Cracks were already beginning to appear in this purely molecular view of inorganic chemistry. They were fuelled in part by a resurgence of interest in the classical solid-state chemistry of oxides and other continuous lattice compounds, pioneered by J. S. Anderson and others. It was also beginning to be appreciated how important interactions between molecules can be in determining properties of matter in bulk, such as cooperative magnetic and optical phenomena in one- or two-dimensional solids. Into this epoch burst the figure of Olivier Kahn.

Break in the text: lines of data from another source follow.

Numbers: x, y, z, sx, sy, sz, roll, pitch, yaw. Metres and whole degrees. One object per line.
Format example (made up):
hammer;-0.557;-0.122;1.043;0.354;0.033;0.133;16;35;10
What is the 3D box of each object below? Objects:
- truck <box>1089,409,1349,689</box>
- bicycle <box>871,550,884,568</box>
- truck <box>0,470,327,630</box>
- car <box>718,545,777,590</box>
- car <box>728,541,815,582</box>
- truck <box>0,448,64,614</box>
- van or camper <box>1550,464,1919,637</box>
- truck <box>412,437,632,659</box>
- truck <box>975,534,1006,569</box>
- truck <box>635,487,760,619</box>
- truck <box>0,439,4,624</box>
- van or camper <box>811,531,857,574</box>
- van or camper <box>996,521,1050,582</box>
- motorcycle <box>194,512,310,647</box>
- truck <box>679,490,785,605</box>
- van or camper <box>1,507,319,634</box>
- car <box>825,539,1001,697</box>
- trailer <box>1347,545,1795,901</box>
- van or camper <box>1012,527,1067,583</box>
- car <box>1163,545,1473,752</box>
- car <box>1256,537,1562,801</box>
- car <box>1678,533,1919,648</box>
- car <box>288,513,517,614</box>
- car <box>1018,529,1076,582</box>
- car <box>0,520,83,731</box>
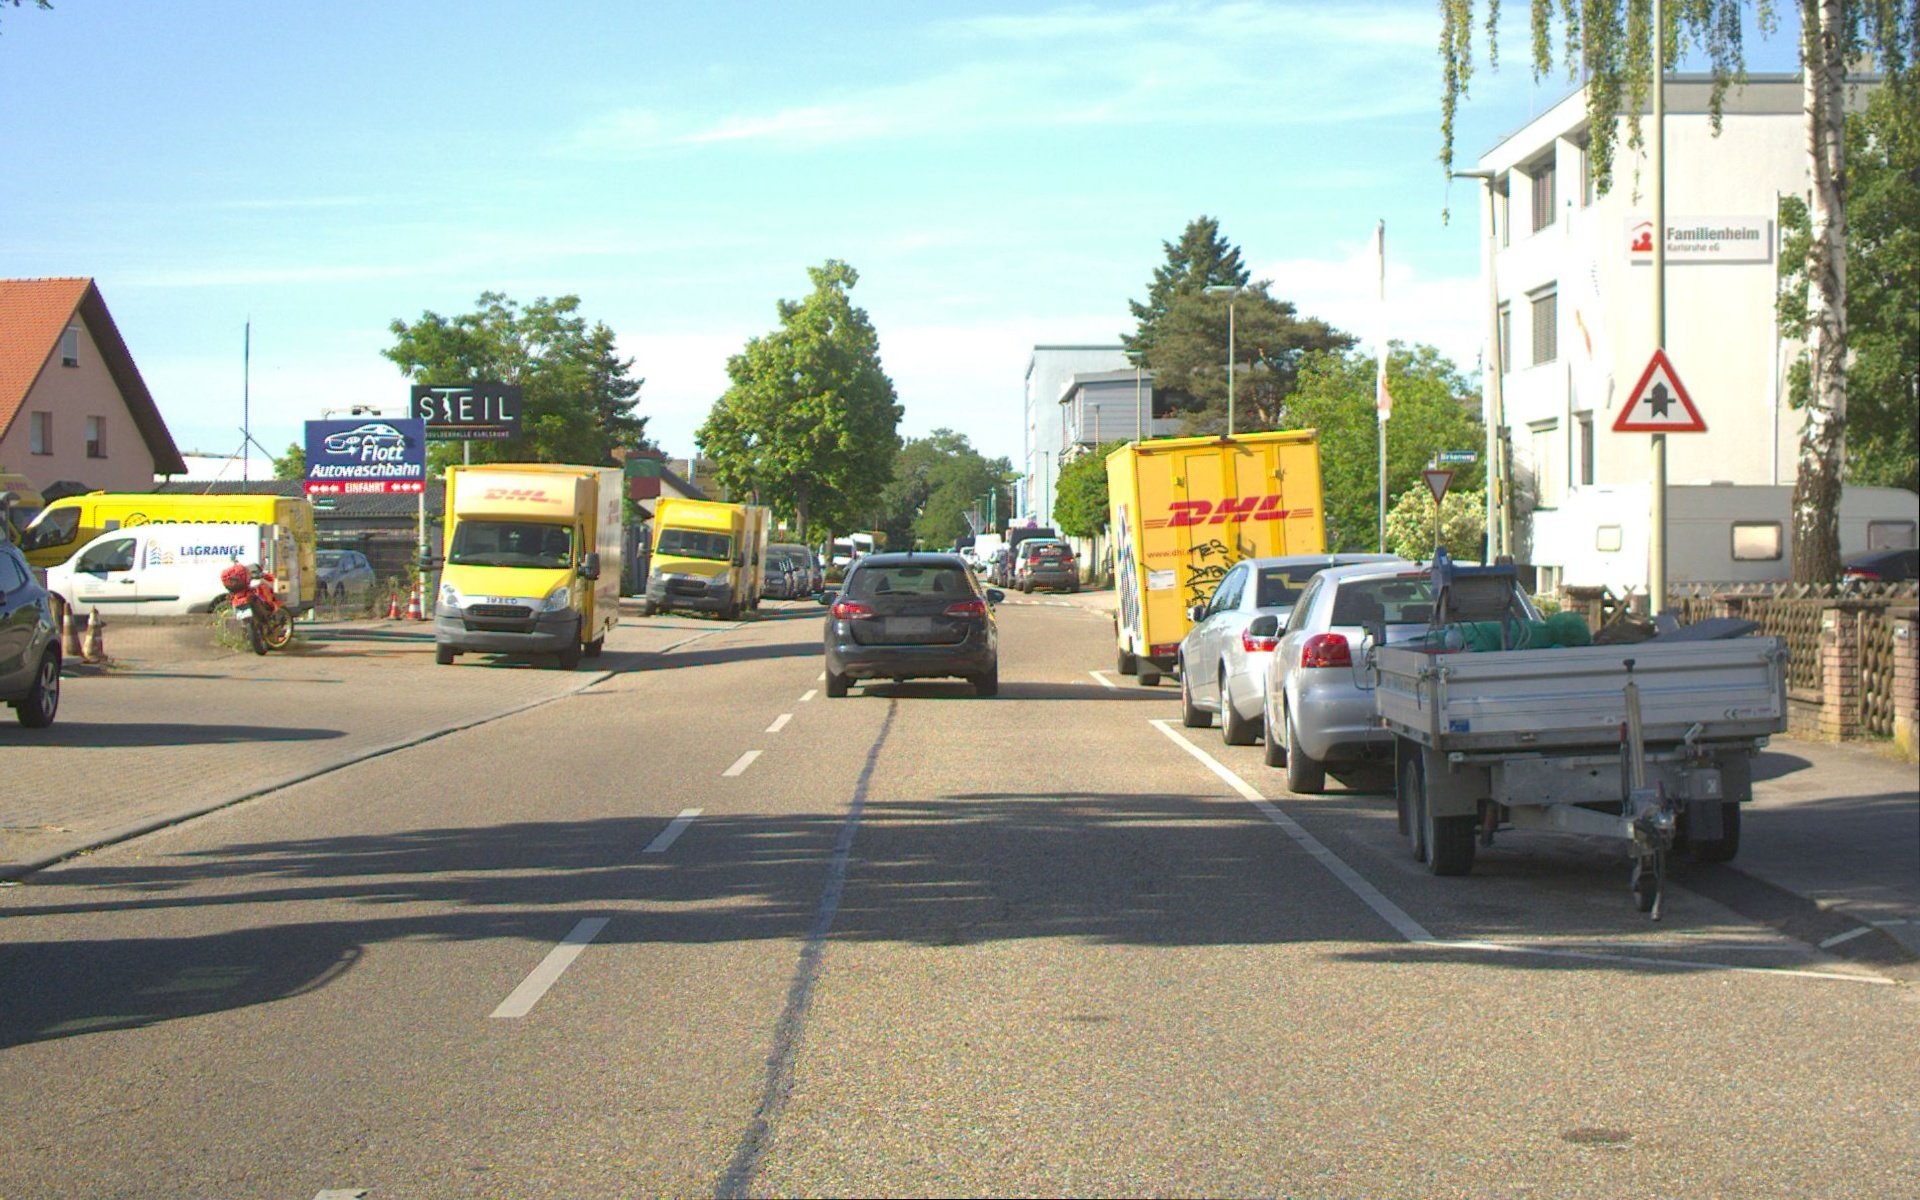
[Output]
truck;2.927;-0.590;40.532;2.402;2.926;7.016;-2;1;0
bicycle;-5.303;-2.671;221.587;0.829;1.149;2.941;0;1;-2
truck;-14.066;-0.887;58.852;5.924;2.559;2.223;2;1;12
car;-6.832;-1.067;110.907;1.756;1.398;4.558;0;1;-2
car;-7.034;-1.443;127.831;1.875;1.480;4.045;-2;2;-24
truck;-19.812;-1.261;63.313;6.095;2.962;2.172;0;1;13
van or camper;12.093;-0.761;52.469;5.812;2.532;2.290;-1;1;-24
truck;-6.344;-0.765;50.711;2.402;2.973;7.246;2;1;-1
truck;1.990;-3.208;225.590;1.993;2.280;6.956;0;1;0
truck;-6.217;-1.122;82.133;2.403;2.973;6.374;2;1;0
truck;-19.118;-1.212;57.079;5.671;3.109;2.522;2;1;11
van or camper;-7.026;-2.656;191.050;2.323;2.354;6.529;0;1;-4
van or camper;2.377;-1.863;131.188;1.993;2.302;4.000;0;1;0
motorcycle;-10.334;-0.325;50.298;0.781;1.866;3.040;3;2;4
truck;-6.025;-1.400;91.570;2.193;2.892;6.439;2;1;1
van or camper;-12.974;-0.487;55.946;4.544;2.007;2.250;0;1;7
car;-0.446;0.148;35.840;1.712;1.527;3.687;0;1;1
trailer;2.829;0.507;16.516;1.627;1.533;3.198;0;1;1
van or camper;2.909;-1.643;126.073;1.919;2.012;4.080;0;1;0
car;2.812;0.325;27.959;1.783;1.537;4.538;0;1;-3
car;2.820;0.370;22.316;1.674;1.537;4.043;1;1;3
car;12.568;-0.162;49.657;3.986;1.612;1.811;-1;1;-23
car;-11.357;-0.747;70.151;4.249;2.007;1.868;0;1;9
car;3.039;-1.563;120.755;1.919;1.819;4.080;0;1;0
car;-8.751;0.164;28.459;1.861;1.708;4.277;3;1;-1

Kahn grasped the opportunity presented by his appointment as the youngest full professor at the University of Paris-Sud, Orsay, to build up (and, in the expressive Gallic phrase, ‘animate’) a new laboratory. He was eager, following his apprenticeship in coordination chemistry and molecular quantum mechanics, to create and articulate a new subject.

Early success came with the design and synthesis of a molecular complex containing one element from the beginning (vanadium) and one from the end (copper) of the first transition series, placed side by side so that orbitals containing the unpaired electrons were strictly orthogonal to one another. This arrangement was predicted by P. W. Anderson, M. Kanamori and J. B. Goodenough to lead to a parallel alignment of the spins, resulting in ferromagnetism (that is, each molecule becomes strongly magnetized, like permanent magnets such as iron). It was a triumph. A ferromagnetic ground state was observed, though not of course one where the ordering was long range — this was molecular ferromagnetism.

In quick succession, Kahn made further marks on coordination chemistry by two contrasting démarches. First, with B. Briat and others, he recast the Anderson–Kanamori–Goodenough model of exchange interactions between localized magnetic moments into a form accessible to chemists. Second, he extended his synthetic success with ferromagnetic dimers to infinite chains of transition-metal ions coupled through organic bridges to make ferrimagnetic arrays, in which the spins are aligned antiparallel, but unequal contributions still produce magnetization. In this way, Kahn connected the molecular world with the physicists' paradigm of infinite one-dimensional magnetic order.

—Magnetic chains may be infinite in one sense, but are not themselves true bulk magnets because the chains must interact with each other to give three-dimensional order. It was then that Kahn showed, by a beautiful piece of supramolecular chemical tweaking, how the chains in his one-dimensional ferrimagnets could be arranged so as to give ferromagnetic interactions between the chains. Other lattice topologies followed, including one with three-dimensionally interlocking rings of metal atoms joined together by organic ligands. This one Kahn compared, with a characteristic flight of fancy, to a necklace that he had bought for his wife.

Throughout his career, first in Orsay and later Bordeaux, where he established a large and flourishing laboratory in the 1990s, Kahn led his young team by his own lively example: exclamations of delight at the latest findings of a graduate student echoed through the corridors. When a colleague chided him gently for spending little time at home, his reply was “but we are always together on Sunday afternoons”.

For Olivier Kahn, finding beautiful new patterns in nature — whether strung together by necklaces of atoms in a crystal lattice or in his recent theories of molecular bi-stability as a basis for information storage — was an all-consuming passion, which he shared ebulliently with everyone he met. For his friends across the globe, as well as for the molecular sciences he espoused so eloquently, the hole left by his passing will be hard to fill. Not to see that eager figure, bolt upright in the centre of the front row in the lecture theatre, spectacles gleaming, poised to ask the first question, makes our science duller as well as sadder.